Repeat the listing exactly, line by line, and leave the pictures behind.

■ ■ ■ ■ ■

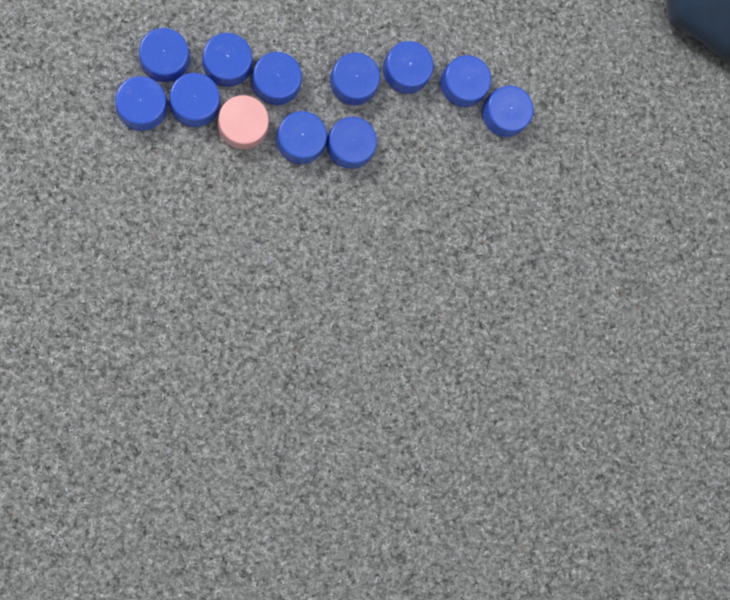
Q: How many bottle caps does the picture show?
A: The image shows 12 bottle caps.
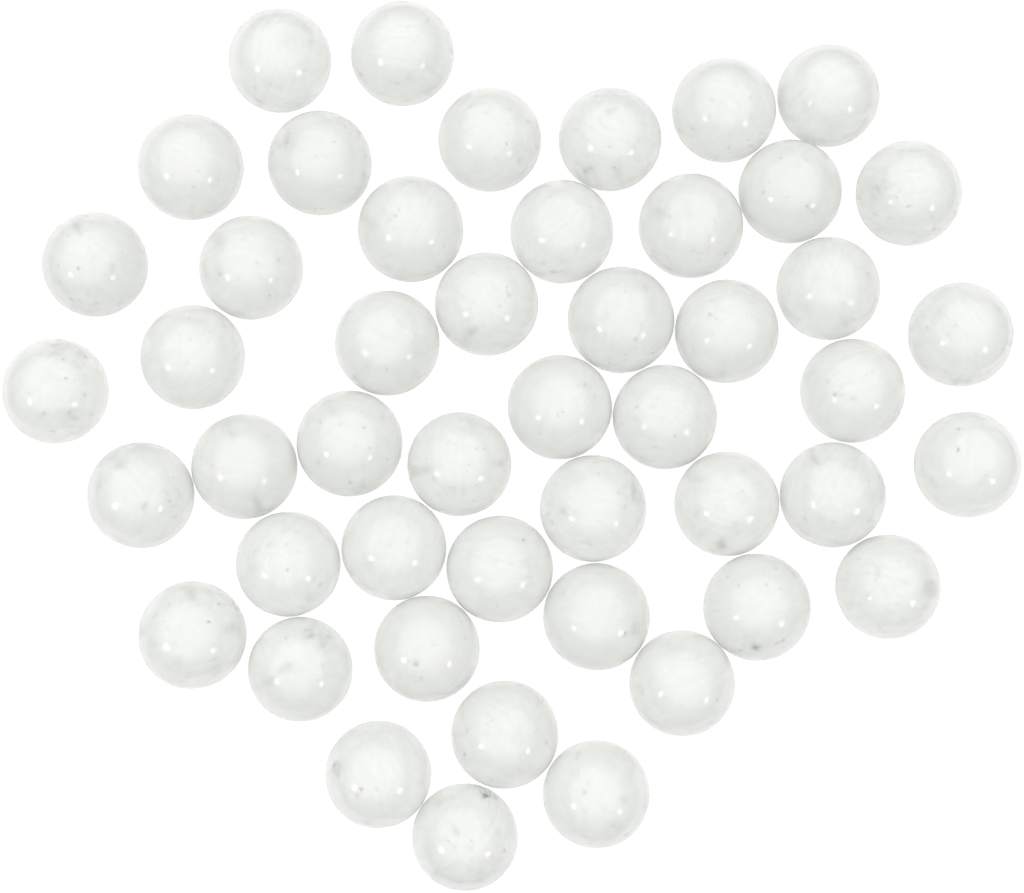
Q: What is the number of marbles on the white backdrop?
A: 48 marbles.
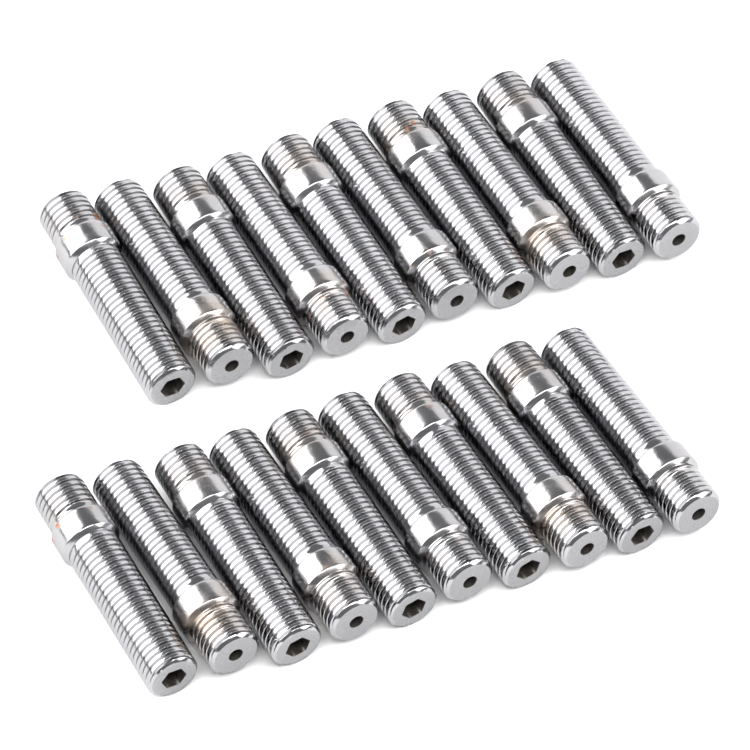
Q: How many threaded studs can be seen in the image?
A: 20
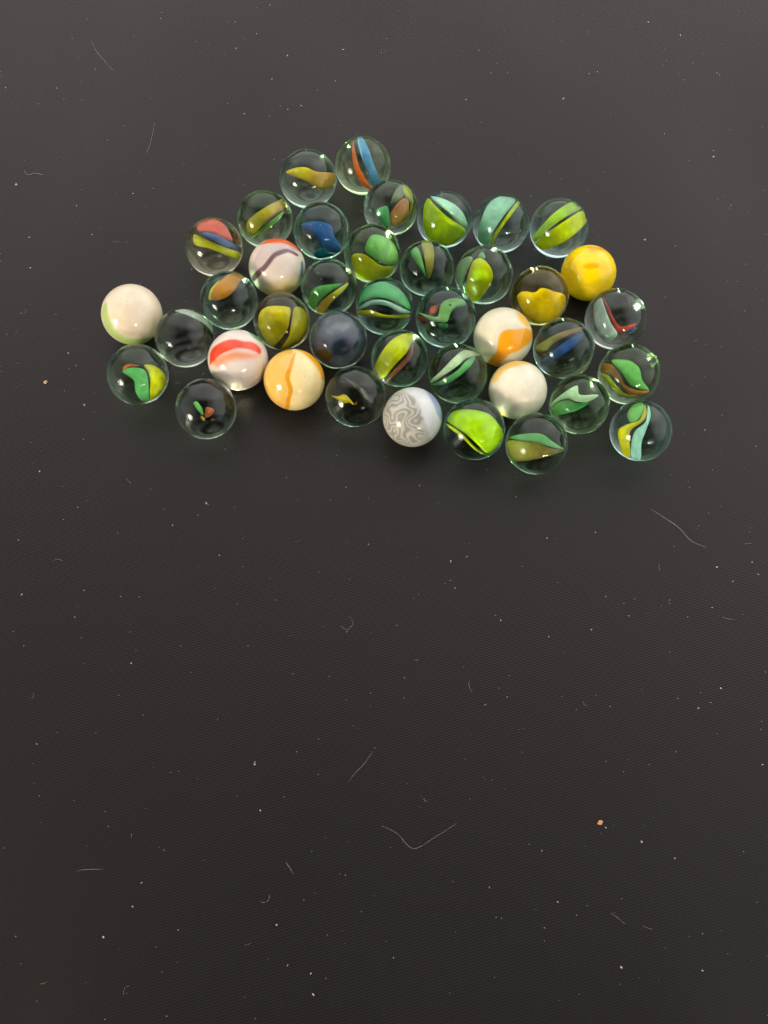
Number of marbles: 40

■ ■ ■ ■ ■

● **Completed exercise**:
Q: How many bottle caps does the picture show?
A: The image shows 12 bottle caps.
Q: What is the number of marbles on the white backdrop?
A: 48 marbles.
Q: How many threaded studs can be seen in the image?
A: 20
Number of marbles: 40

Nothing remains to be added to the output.